Alleged bloated register is not authentic - Afari-Djan

Dr. Kwadwo Afari-Djan, Chairman of the Electoral Commission (EC), on Tuesday said the document purported to contain massive increases of eligible voters in Ashanti Region between 2004 and 2006 was not authentic.

"The fact of the matter is that those huge figures being circulated are not authentic and I have given the correct figure to all representatives of the parties," Dr. Afari-Djan told the media after an Inter-Party Advisory Committee (IPAC) meeting held in Accra. The meeting convened to discuss the upcoming voter ID card replacement and the replacement of lost voter ID cards and reopening of the voters' register was attended by representatives of all political parties with no journalists in attendance.

Explaining issues discussed at the meeting, Dr Afari-Djan said participants were briefed about EC's programmes for the year and participants sought clarifications.

He said participants expressed concern over the alleged bloated register but the EC produced and gave them the authentic figure of six per cent increase in the Ashanti Region instead of the alleged 113 per cent within the specified years.

The Chairman said he did not know how the wrong document got into the hands of the National Democratic Congress (NDC) and who issued that document to them even though he was aware that the NDC had earlier requested for the register.

Asked if the wrong document being circulated had not dented the image of the EC, Dr Afari-Djan responded that the Commission had not done anything wrong.

"The figures we have given them are authentic and any right thinking person would accept that. We, however, will investigate the issue as agreed at the IPAC meeting and find out what went wrong, who gave out CD Rom and punish anyone found culpable."

Mr Peter Mac-Manu, Chairman of the New Patriotic Party, described that document as falsehood which people were peddling about the EC to demoralize and tarnish its image, "so that when the EC announces any election results which are not in their favour, they will (rubbish) it".

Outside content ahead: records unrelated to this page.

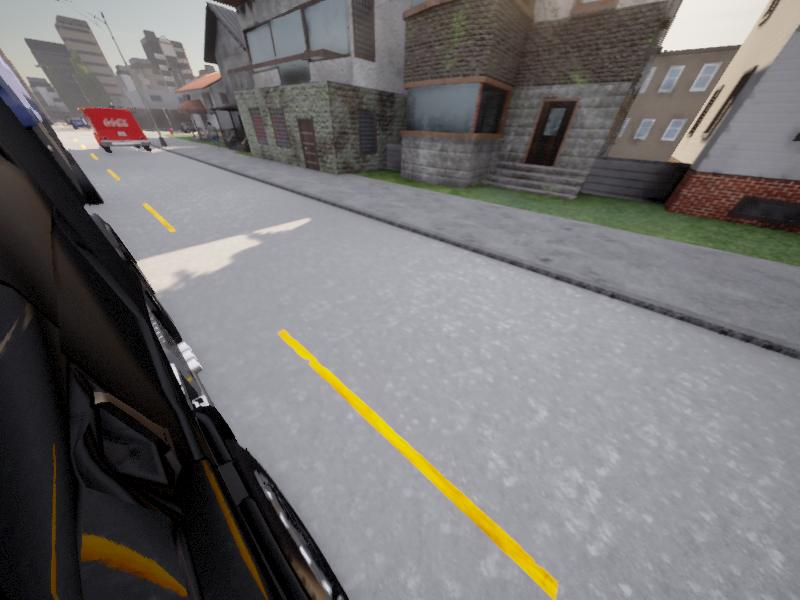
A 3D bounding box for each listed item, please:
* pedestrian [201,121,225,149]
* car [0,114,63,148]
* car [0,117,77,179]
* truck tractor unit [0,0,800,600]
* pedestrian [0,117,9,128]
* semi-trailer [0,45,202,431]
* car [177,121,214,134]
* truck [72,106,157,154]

He therefore urged the EC to clear its image by making every effort to unravel how that conflicting figure got into the public domain. Mr Johnson Asiedu-Nketia, General Secretary of the NDC said his party got information on the bloated figure from the EC on a CD Rom after writing officially to the Commission.

"But now that EC is saying the content on the CD Rom was not its document, we all agree that an investigation be conducted to ascertain the truth or otherwise," Mr Nketia said.